Thanks.  I did count them today since I was cleaning pans and sprucing up a bit, and she has 10!  She is a good doe and has some awesome offspring.  I have been wishing I would have saved back one of her bucks last fall, but I can probably get a good one out of this litter to hold back.
I will post pictures as they get older.  I just love watching my kits growing up.


----------



## sagewoman (Feb 14, 2013)

Congrats,  My NZ kindled kindled six days ago and gave my 8 new babies.
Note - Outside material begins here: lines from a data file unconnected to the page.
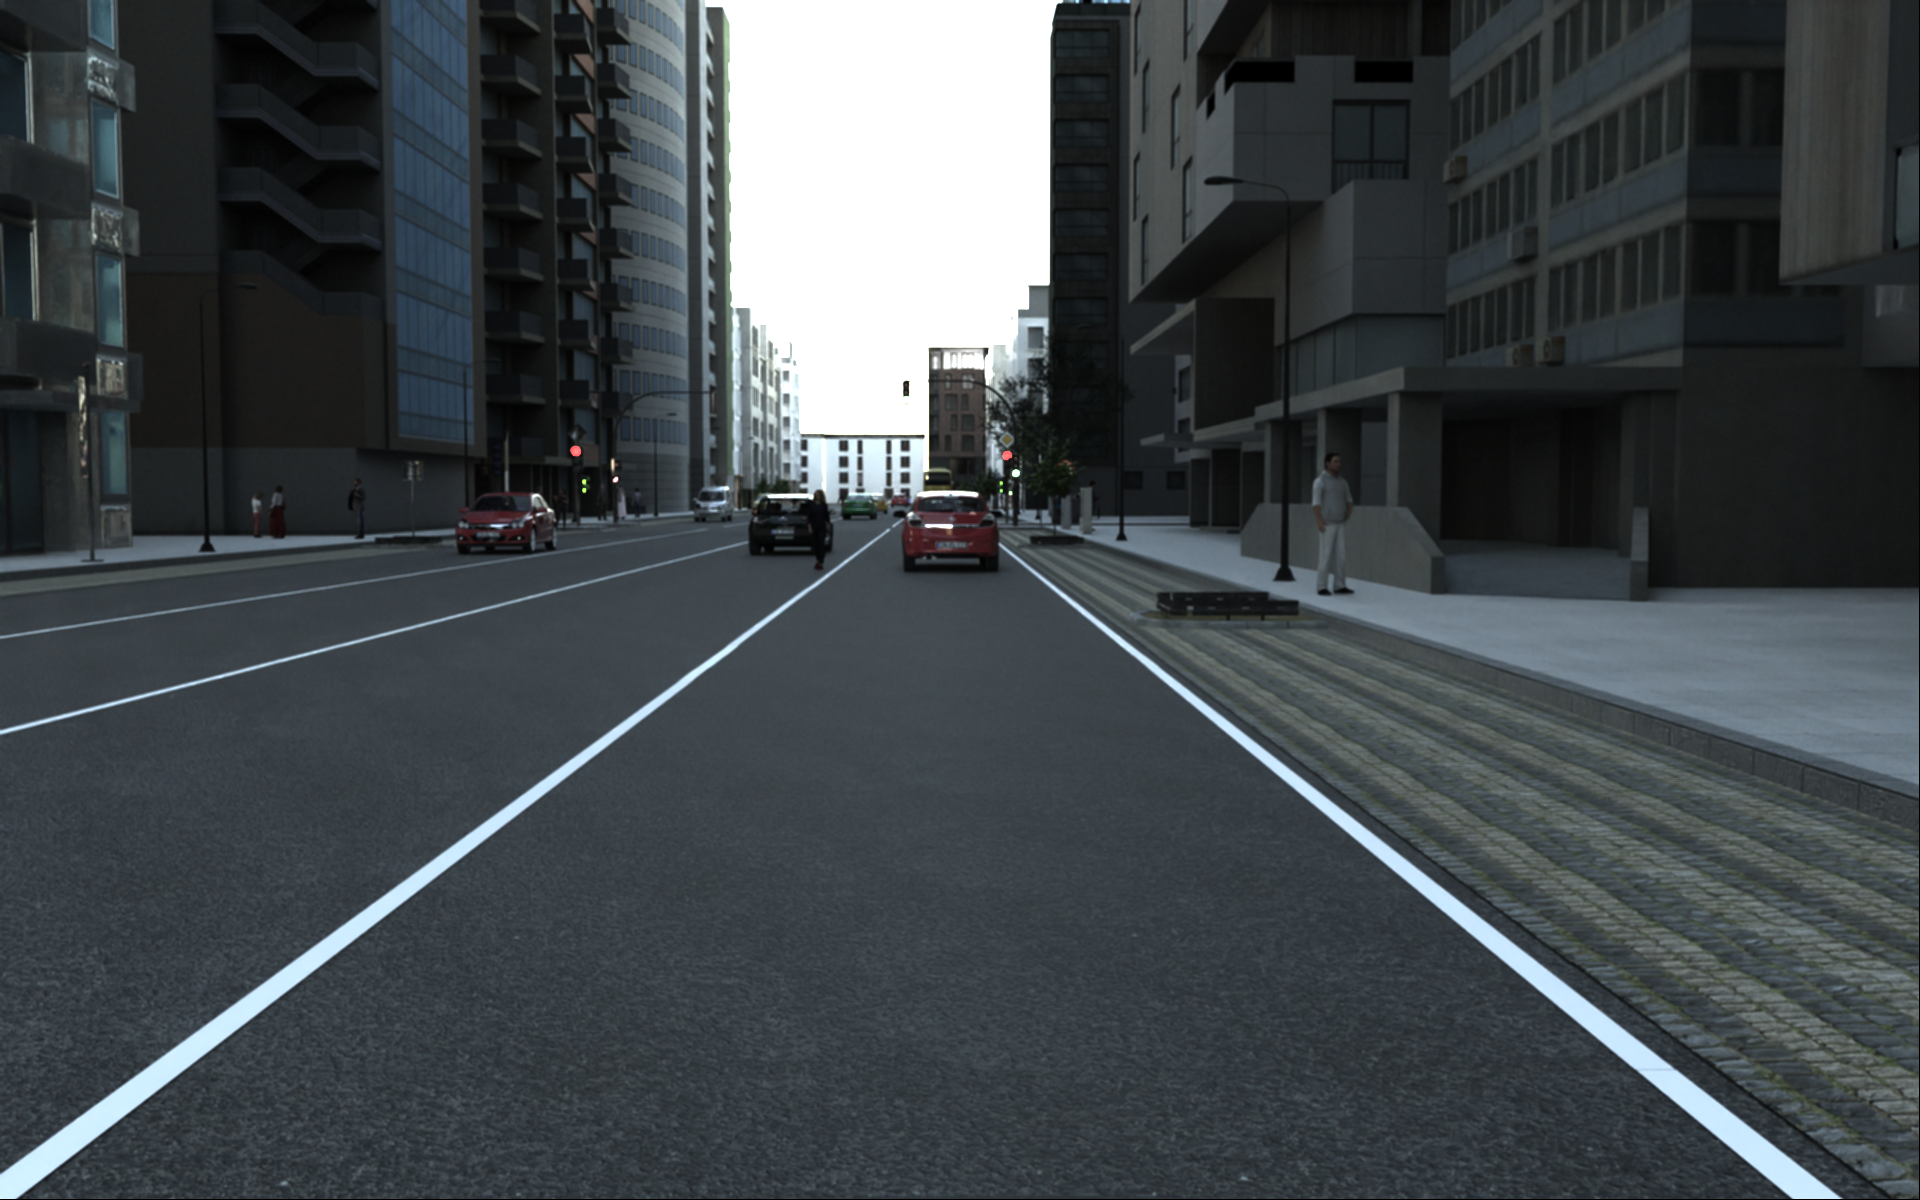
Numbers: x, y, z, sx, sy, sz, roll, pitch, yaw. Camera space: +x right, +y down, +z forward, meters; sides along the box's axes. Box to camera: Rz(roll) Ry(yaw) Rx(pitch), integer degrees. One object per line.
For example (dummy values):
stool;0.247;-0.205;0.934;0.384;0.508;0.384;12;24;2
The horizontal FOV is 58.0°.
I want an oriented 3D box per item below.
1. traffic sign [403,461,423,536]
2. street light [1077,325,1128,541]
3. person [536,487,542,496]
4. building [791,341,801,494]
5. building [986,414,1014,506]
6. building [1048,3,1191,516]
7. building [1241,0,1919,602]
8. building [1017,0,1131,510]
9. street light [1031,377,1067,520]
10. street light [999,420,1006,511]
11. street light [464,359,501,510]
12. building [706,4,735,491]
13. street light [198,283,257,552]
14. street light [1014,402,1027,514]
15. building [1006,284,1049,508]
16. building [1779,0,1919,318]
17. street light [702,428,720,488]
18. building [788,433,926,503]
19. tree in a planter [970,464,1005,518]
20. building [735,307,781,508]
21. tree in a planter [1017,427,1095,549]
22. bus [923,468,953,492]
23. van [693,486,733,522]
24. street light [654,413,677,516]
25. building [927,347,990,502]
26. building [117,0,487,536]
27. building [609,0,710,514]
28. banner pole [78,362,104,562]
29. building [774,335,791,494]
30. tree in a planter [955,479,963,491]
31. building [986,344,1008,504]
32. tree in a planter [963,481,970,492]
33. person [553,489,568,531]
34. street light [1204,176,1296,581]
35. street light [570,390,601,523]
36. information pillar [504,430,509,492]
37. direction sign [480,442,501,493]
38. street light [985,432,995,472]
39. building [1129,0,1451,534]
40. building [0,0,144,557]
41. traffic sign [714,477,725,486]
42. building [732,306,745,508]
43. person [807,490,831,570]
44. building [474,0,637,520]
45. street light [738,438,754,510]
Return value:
traffic sign;-16.673;-3.098;52.786;0.606;2.300;0.079;0;4;3
street light;3.919;-4.593;47.642;1.470;5.913;1.316;0;4;-1
person;-17.448;-3.814;71.575;0.376;1.734;0.841;0;4;-1
building;-26.103;-22.173;218.940;11.380;20.091;16.016;0;4;-1
building;7.728;-14.700;182.490;9.099;9.664;28.070;0;4;-1
building;12.328;-20.460;106.218;14.160;30.474;14.107;0;4;-1
building;22.031;-20.561;28.052;32.217;40.220;23.993;0;4;-1
building;16.277;-50.299;135.060;22.319;86.520;31.000;0;4;-1
street light;3.675;-5.901;69.027;1.470;5.913;1.316;0;4;-1
street light;3.137;-8.333;108.793;1.470;5.913;1.316;0;4;-1
street light;-16.481;-5.330;59.684;1.470;5.913;1.316;0;4;-1
building;-26.324;-27.968;140.876;14.154;41.232;14.086;0;4;-1
street light;-16.183;-4.022;38.299;1.470;5.913;1.316;0;4;-1
street light;3.399;-7.020;87.324;1.470;5.913;1.316;0;4;-1
building;12.353;-18.689;161.987;16.016;20.091;11.380;0;4;-1
building;12.551;-19.831;7.834;14.154;41.232;14.086;0;4;-1
street light;-17.418;-9.082;121.024;1.470;5.913;1.316;0;4;-1
building;-18.857;-18.303;241.394;28.070;9.664;9.099;0;4;-1
tree in a planter;1.779;-6.398;101.826;1.991;3.239;1.994;0;4;-1
building;-28.339;-19.136;179.335;16.747;18.905;31.486;0;4;-1
tree in a planter;2.534;-2.989;46.089;1.991;3.239;1.994;0;4;-1
bus;-2.049;-10.395;161.501;2.896;3.916;12.252;0;4;0
van;-12.879;-5.106;90.490;2.013;2.044;4.112;0;4;-1
street light;-16.970;-7.774;99.642;1.470;5.913;1.316;0;4;-1
building;11.671;-24.867;250.552;32.646;21.610;27.936;0;4;-1
building;-25.364;-25.009;59.009;14.200;45.320;14.600;0;4;-1
building;-29.750;-35.302;119.191;21.231;58.520;28.212;0;4;-1
banner pole;-16.445;-2.605;32.603;0.401;3.779;0.863;-1;4;-14
building;-28.491;-21.056;200.690;16.016;20.091;11.380;0;4;-1
tree in a planter;0.357;-12.814;206.722;1.991;3.239;1.994;0;4;-1
building;11.979;-21.134;211.990;16.747;18.905;31.486;0;4;-1
tree in a planter;1.409;-8.046;128.767;1.991;3.239;1.994;0;4;-1
person;-15.212;-3.429;66.041;0.415;1.643;0.593;2;4;35
street light;4.261;-3.236;25.457;1.470;5.913;1.316;0;4;-1
street light;-16.774;-6.430;77.666;1.470;5.913;1.316;0;4;-1
information pillar;-16.565;-4.400;63.302;0.183;3.616;0.504;-1;4;-8
direction sign;-20.572;-5.136;75.972;0.876;3.537;0.379;0;4;-3
street light;2.855;-9.641;130.178;1.470;5.913;1.316;0;4;-1
building;20.110;-28.385;53.342;28.713;52.752;27.495;0;4;-1
building;-29.318;-24.933;27.266;23.786;49.044;30.456;0;4;-1
traffic sign;-17.669;-7.778;127.269;0.768;2.556;0.104;0;4;2
building;-27.964;-18.423;157.643;16.016;20.091;11.380;0;4;-1
person;-2.707;-1.346;33.046;0.480;1.512;0.613;-1;4;-22
building;-29.588;-26.697;91.124;22.147;44.769;28.867;0;4;-1
street light;-17.586;-10.390;142.410;1.470;5.913;1.316;0;4;-1

My other doe kindled five weeks ago and gave also gave me 8. Two from that litter were dead and one managed to escape the cage at two weeks and unfortuneatly froze.  Good luck.


----------



## Prairiechick (Feb 24, 2013)

Here they are with their eyes opening.


----------



## alsea1 (Feb 24, 2013)

sooo cute.


----------



## KS Homesteader (Mar 2, 2013)

Thanks for the photo - always nice to see other folks' animals and setups.  Congrats and best of luck to you!


----------



## Prairiechick (Mar 4, 2013)

Thanks.  They are getting big --- fast!
They freaked me out a bit when I saw they were gettiing gray!  These are pure Cals, but I talked to the breeder I got the parents from and they said it will molt out when they start getting their more grown up fur in.  Does anyone else have comments on smut color in baby Cals?


----------



## Bunnylady (Mar 4, 2013)

The gene that causes the Californian's signature pattern of a white rabbit with red eyes and dark points is called the Himilayan gene (from the Himilayan rabbit breed, which also only comes in this pattern). The expression of the Himi gene is a little bit weird, in that it is temperature dependent. Dark pigment only gets deposited in the hair as it grows when the skin temperature is a bit on the cool side (sorry, I don't know the actual temperature required). Because the rabbit's extremities are cooler than its body, you usually only see the dark pigment there, though sometimes a Cali doe will get dark patches on her dewlap when her skin cools after she pulls fur for a nest. Himi patterned kits that get a little cool in the nest will develop pigment in the part of their hair that was growing at the time that they were cool, which can produce such heavy ticking or banding that they may look a little like Chinchillas!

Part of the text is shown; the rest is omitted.